Piii-piii
La comparecencia del ciudadano Aznar, en pleno uso de su bufanda de casimir y de su abrigo de pelo de camello (inolvidable prenda lucida por Marlon Brando en su película de París; lo de ahora es más bien una versión redicha de La última milonga en Georgetown), tuvo la virtud de derramar la gota de acíbar culminante en el túmulo de una jornada, la del martes, que resultó jodidamente, piii-piii, jodidamente jodida. Uno de esos días cuya asimilación moral requiere la ingestión de, al menos, un par de valiums.
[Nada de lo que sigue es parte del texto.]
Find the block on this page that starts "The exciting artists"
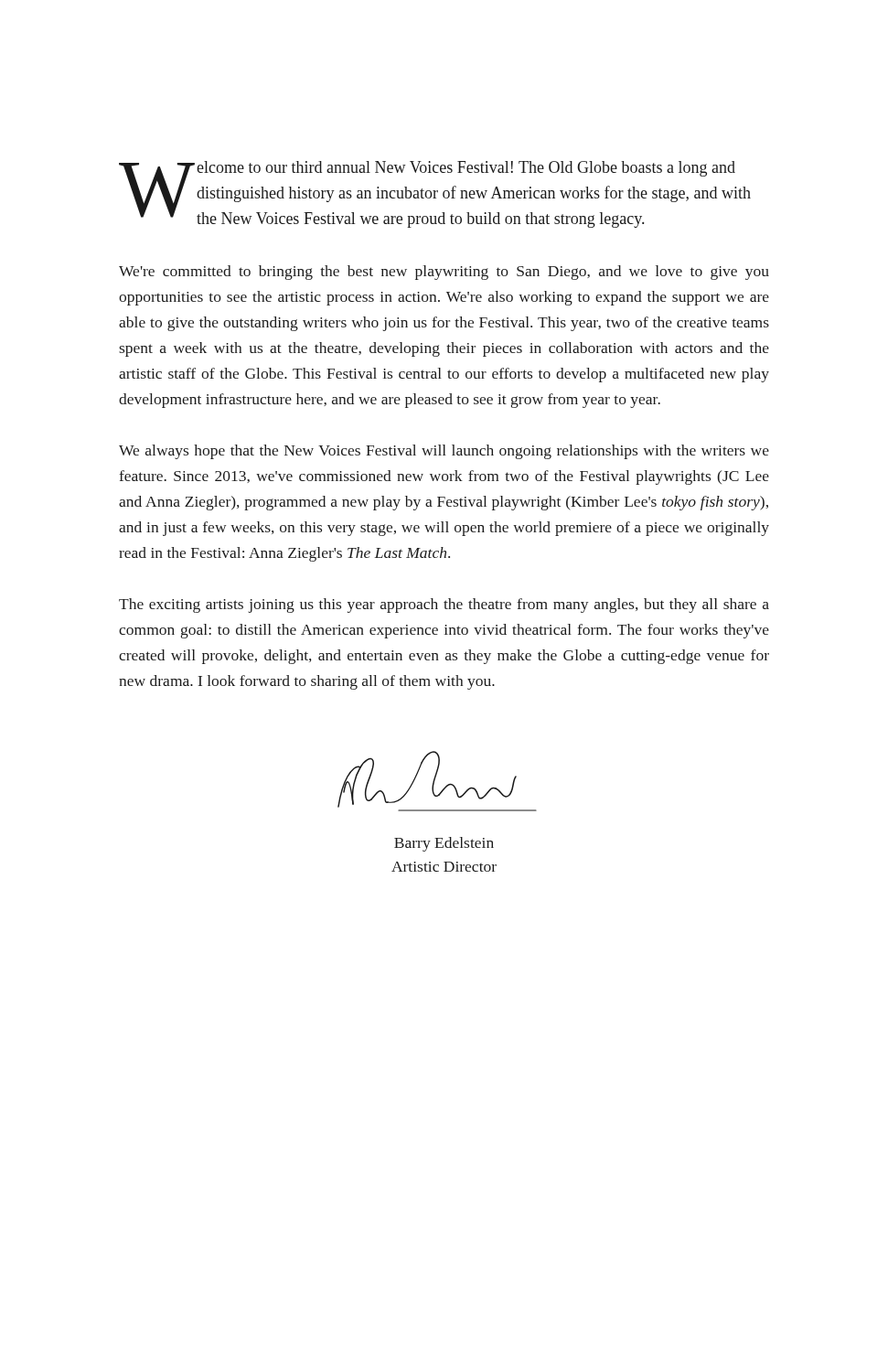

Empecé haciéndome a la idea (nunca creí que llegaría semejante momento) de que no me alegra en lo más mínimo el ascenso social de una mujer negra, piii-piii, o afroamericana. Malditos sean. Sólo a las retorcidas mentes del neoconismo se les podría ocurrir una perversidad así: usar a los racistas de otra raza (Condi Rice ha declarado que todos los negros, piii-piii, tuvieron tantas oportunidades en la vida como ella) y a las machistas del otro sexo para reforzar los valores eternos de familia tradicional y hazañas bélicas. Los israelíes aguardan de Rice que se alinee con su bando, y el oficialismo palestino espera de su feminidad una manita más blanda. Recuerden que el oficialismo palestino siempre se ha equivocado en sus valoraciones.
Fue ver a Condi con Bush jr. en la foto de parabienes, y sentir en el cogote el inequívoco estremecimiento de quien asiste a una celebración preventiva de El beso de la muerte: el beso para ellos, la muerte para los demás. No haré hincapié, no quiero ponerme frenética, en el cabello desarraigado a la plancha y con puntitas hacia arriba estilo Pleasantville. Dicen que la nueva dama de hierro (qué bien calan, los hombres que suelen auparlas al poder, a las bitches metálicas estas) es muy inteligente y toca el piano. Nos hallamos, por consiguiente, ante un caso de Sentido Sin Sensibilidad en versión Alabama, tan claro que resulta casi obsoleto. Pobre Moratinos.
A la hora de las únicas imágenes de iraquíes jodidamente piii-piii muertos en Faluya, opté por sacarme a mí misma a bailar el Réquiem de Mozart. Y así estaba cuando el ciudadano Aznar volvió de Transilvania, o do sea que mora entre conferencias, y desenvainó su propia insensibilidad.